WHAT THE TASK REQUIRES
In the records below, find the line that contains "Task: Click on" and the line that contains "Instruction: Locate the", then retype exactly those two lines and every line between them.

(Excerpts from a dataset)
————————

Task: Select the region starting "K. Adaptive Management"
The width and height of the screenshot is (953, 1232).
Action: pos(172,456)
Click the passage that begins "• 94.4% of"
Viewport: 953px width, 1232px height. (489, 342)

————————

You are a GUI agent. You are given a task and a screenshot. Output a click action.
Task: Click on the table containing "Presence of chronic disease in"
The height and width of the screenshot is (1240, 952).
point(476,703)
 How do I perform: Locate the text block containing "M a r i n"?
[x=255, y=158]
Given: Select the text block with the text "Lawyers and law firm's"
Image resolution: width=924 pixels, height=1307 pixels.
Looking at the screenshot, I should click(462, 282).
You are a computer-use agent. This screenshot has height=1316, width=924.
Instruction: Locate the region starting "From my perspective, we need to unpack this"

————————

TASK ANSWER
Task: Click on the table containing "Presence of chronic disease in"
The height and width of the screenshot is (1240, 952).
point(476,703)
 How do I perform: Locate the text block containing "M a r i n"?
[x=255, y=158]
Given: Select the text block with the text "Lawyers and law firm's"
Image resolution: width=924 pixels, height=1307 pixels.
Looking at the screenshot, I should click(462, 282).
You are a computer-use agent. This screenshot has height=1316, width=924.
Instruction: Locate the region starting "From my perspective, we need to unpack this"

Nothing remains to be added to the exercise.